Assessment Overview: Assessment involves the use of empirical data on student learning to refine programs and improve student learning (Assessing Academic Programs in Higher Education by Allen 2004). As you design an assessment plan, be sure to align it to your student-learning objectives and outcomes for the course. Visit the UConn Assessment page for a wide variety of resources on designing and using assessments.

General Guidelines:

  • Focus on formative assessment.
  • Make assessments authentic.
  • Beware of using a grading system to punish.
  • Don’t let your grading system design your course.
  • Strive for a design that promotes a culture of learning, not earning.

For details on these and other guidelines specific to online courses, visit 10 Assessment Design Tips for Increasing Online Student Retention, Satisfaction and Learning

Formative Assessments: Formative assessments (interactive classroom discussions, self-assessments, warm-up quizzes, mid-semester evaluations, exit quizzes, etc.) monitor student learning.

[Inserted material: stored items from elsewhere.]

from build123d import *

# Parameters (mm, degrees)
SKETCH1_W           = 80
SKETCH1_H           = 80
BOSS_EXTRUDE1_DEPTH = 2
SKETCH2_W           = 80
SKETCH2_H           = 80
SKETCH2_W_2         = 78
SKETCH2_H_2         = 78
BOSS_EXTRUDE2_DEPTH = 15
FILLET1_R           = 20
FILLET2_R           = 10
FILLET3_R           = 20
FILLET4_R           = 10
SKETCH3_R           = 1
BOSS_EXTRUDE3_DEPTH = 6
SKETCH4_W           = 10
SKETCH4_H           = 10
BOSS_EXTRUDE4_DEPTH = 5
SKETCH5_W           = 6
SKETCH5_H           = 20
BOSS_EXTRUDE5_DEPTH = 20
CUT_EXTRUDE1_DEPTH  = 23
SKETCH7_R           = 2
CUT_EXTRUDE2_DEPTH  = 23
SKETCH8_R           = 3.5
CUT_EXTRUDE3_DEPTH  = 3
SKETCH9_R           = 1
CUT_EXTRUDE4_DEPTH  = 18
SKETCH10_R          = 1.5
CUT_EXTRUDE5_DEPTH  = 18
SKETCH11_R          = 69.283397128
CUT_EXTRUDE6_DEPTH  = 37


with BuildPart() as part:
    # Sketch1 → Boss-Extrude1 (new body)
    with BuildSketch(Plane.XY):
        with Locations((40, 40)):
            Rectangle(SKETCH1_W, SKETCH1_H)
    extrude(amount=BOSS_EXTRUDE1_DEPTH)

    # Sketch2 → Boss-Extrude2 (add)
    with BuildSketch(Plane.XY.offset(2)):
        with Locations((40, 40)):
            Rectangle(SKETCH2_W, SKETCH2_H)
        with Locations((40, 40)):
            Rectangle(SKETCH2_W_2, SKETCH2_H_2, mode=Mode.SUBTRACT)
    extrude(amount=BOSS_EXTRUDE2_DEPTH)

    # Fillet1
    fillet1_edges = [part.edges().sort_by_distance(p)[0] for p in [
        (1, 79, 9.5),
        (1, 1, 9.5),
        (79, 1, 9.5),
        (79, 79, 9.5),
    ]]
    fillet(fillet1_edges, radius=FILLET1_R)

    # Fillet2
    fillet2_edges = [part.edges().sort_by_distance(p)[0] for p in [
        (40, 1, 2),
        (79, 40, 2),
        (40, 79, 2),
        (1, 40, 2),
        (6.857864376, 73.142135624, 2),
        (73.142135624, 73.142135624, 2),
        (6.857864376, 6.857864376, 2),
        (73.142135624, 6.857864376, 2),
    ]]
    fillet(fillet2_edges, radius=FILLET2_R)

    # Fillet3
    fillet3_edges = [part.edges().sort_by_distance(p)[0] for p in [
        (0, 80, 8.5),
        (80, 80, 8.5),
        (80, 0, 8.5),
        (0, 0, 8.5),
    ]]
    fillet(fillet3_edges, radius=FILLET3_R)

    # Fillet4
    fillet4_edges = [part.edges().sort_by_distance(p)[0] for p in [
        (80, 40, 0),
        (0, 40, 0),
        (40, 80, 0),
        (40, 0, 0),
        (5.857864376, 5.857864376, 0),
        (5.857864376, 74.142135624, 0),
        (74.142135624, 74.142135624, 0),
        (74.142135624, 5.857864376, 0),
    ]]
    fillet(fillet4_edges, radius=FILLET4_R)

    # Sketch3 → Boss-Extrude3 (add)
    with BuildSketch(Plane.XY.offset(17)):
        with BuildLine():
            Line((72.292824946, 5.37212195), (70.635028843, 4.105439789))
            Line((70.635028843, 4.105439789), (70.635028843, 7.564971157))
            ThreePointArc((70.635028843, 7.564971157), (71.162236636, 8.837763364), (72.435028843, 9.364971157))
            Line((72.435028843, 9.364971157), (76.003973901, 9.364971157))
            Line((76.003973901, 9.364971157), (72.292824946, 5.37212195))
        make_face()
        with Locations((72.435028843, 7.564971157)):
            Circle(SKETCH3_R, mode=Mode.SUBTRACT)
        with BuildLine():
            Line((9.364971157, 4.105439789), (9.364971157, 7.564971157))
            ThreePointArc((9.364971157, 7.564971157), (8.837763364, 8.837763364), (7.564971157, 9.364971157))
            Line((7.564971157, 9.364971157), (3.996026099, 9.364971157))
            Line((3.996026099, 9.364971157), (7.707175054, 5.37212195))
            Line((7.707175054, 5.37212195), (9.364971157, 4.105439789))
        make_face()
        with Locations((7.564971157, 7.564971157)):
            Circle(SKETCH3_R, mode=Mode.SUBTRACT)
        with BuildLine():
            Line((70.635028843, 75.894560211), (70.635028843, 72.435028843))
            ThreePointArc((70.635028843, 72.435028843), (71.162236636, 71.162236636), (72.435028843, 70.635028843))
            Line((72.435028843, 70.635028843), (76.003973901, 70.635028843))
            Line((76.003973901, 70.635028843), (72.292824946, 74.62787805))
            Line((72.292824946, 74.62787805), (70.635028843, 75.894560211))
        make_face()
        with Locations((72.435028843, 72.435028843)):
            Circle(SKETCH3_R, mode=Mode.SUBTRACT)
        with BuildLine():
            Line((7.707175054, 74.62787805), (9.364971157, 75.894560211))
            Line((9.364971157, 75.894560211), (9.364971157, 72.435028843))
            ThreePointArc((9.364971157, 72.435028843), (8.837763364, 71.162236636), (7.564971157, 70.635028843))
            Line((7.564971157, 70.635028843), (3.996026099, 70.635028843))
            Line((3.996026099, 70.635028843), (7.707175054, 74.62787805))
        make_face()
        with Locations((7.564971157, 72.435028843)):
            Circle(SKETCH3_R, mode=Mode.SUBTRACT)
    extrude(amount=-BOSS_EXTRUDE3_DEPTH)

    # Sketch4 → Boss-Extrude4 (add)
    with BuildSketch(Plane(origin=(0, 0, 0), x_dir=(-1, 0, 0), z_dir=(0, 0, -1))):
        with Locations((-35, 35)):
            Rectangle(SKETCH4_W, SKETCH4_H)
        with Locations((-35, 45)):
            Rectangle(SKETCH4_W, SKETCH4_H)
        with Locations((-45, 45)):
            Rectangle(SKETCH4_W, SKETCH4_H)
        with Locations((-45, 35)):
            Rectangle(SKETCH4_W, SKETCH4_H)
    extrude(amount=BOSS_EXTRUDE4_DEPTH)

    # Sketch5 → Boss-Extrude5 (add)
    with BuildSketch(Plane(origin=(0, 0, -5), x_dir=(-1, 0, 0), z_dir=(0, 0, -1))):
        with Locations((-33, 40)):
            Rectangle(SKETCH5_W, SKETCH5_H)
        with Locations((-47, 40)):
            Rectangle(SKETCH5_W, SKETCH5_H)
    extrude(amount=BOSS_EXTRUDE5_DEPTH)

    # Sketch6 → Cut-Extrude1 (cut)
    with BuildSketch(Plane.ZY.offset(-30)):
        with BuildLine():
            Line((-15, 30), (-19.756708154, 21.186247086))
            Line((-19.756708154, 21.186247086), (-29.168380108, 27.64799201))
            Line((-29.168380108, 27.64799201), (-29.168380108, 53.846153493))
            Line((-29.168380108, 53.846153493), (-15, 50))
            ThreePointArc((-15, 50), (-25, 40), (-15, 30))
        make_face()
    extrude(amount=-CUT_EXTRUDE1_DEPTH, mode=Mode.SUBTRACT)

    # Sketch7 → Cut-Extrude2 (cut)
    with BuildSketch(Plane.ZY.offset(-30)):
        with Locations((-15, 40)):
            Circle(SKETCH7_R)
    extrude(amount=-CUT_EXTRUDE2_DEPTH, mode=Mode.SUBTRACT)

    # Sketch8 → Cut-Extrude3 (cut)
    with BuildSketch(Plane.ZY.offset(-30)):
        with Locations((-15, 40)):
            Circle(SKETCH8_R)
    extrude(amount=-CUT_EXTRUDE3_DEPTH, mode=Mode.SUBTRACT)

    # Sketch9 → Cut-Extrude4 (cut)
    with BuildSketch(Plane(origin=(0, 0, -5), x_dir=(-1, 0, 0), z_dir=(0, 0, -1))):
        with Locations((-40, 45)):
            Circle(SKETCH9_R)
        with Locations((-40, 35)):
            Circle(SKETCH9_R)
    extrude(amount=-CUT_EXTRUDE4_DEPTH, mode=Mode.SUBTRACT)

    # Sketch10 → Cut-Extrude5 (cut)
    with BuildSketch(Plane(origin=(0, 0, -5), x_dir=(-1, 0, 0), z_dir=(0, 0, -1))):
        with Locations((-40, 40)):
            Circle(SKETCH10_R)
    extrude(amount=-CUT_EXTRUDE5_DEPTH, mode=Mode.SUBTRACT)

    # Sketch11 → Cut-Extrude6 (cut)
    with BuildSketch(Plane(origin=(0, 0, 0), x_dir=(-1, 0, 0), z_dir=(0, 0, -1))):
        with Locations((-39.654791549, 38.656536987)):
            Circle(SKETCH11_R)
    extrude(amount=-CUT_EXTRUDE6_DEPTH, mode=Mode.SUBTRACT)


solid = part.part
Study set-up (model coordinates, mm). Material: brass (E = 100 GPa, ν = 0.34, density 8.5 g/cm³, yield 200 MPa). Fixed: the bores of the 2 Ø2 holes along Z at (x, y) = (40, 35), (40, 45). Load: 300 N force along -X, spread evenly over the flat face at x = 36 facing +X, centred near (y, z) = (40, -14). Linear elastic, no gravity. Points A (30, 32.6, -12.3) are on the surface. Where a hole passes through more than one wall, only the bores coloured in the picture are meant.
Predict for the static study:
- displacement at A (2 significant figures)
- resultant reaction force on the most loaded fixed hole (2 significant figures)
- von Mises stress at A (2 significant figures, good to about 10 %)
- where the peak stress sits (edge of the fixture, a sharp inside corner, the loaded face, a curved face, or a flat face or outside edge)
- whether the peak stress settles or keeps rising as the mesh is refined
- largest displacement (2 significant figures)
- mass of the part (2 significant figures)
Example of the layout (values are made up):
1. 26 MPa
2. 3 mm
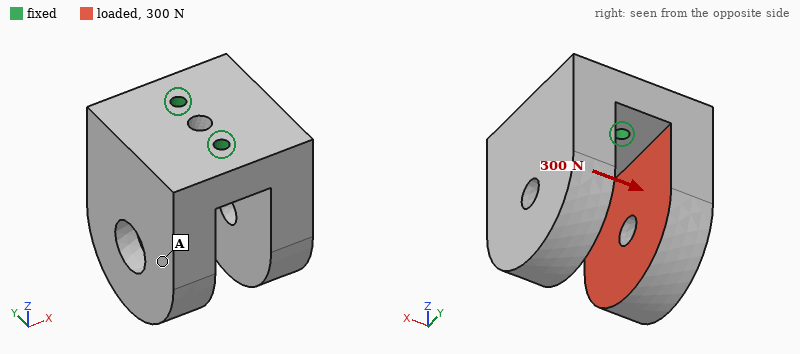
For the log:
1. 17 µm
2. 150 N
3. 10 MPa
4. edge of the fixture
5. keeps rising
6. 37 µm
7. 51 g
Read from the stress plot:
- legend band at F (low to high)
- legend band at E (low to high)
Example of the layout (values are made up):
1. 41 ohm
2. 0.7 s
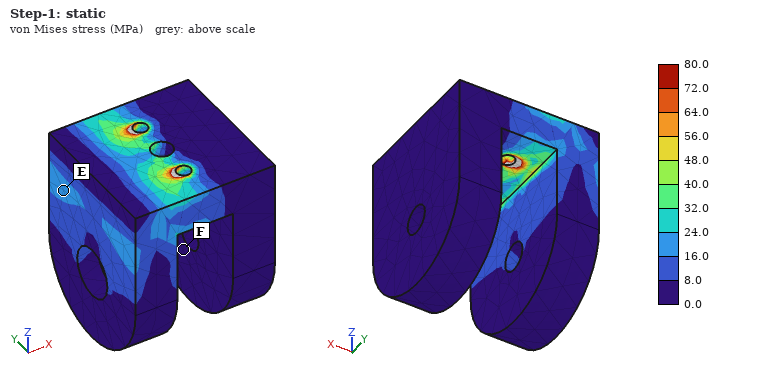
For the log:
1. 0.0 to 8.0 MPa
2. 16.0 to 24.0 MPa
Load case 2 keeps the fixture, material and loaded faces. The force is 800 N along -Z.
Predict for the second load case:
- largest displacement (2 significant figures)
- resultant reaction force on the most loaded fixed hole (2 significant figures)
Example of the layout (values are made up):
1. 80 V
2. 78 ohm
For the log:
1. 5.9 µm
2. 400 N
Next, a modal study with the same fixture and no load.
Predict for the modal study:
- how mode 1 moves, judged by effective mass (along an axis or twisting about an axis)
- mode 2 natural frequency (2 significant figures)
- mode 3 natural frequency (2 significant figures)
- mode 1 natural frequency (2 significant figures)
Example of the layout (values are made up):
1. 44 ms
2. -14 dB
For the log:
1. along X
2. 4500 Hz
3. 7700 Hz
4. 4000 Hz

  • These are short term, as they are most applicable when students are in the process of making sense of new content and applying it to what they already know.
  • The most striking feature of these types of assessments is the immediate feedback, which helps students make changes to their understanding of the material and allows the teacher to gauge student understanding and adapt to the needs of the students.
  • These types of assessments often do not carry any credit associated with the student grade.

At UConn you can use interactive clickers to do formative assessments during the course of a lecture.

Interim Assessments: Interim assessments (concept tests, quizzes, written essays, etc.) may be more formal and can occur throughout the semester.

  • Typically, students are given the opportunity to revisit and perhaps revise these assessments after they have received feedback.
  • This type of assessment can be particularly useful in addressing the knowledge gaps in student understanding and can help you formulate better lesson plans during the course.
  • The feedback to students is quick but not necessarily immediate.
  • These types of assessment may count toward a small percentage of the student grade.

Summative Assessments: Summative assessments (typically midterm or final exams) evaluate student learning at the end of an instructional unit by comparing it against some standard or benchmark.

  • These assessments are formal and have a direct impact on student grades.
  • The feedback to the student may be extremely limited.
  • Generally students do not have the opportunity to re-take the assessment.
  • The results of these assessments can help students understand where they stand in the class by comparing grades and, if applicable, by looking at the descriptive statistics such as average, median and standard deviation.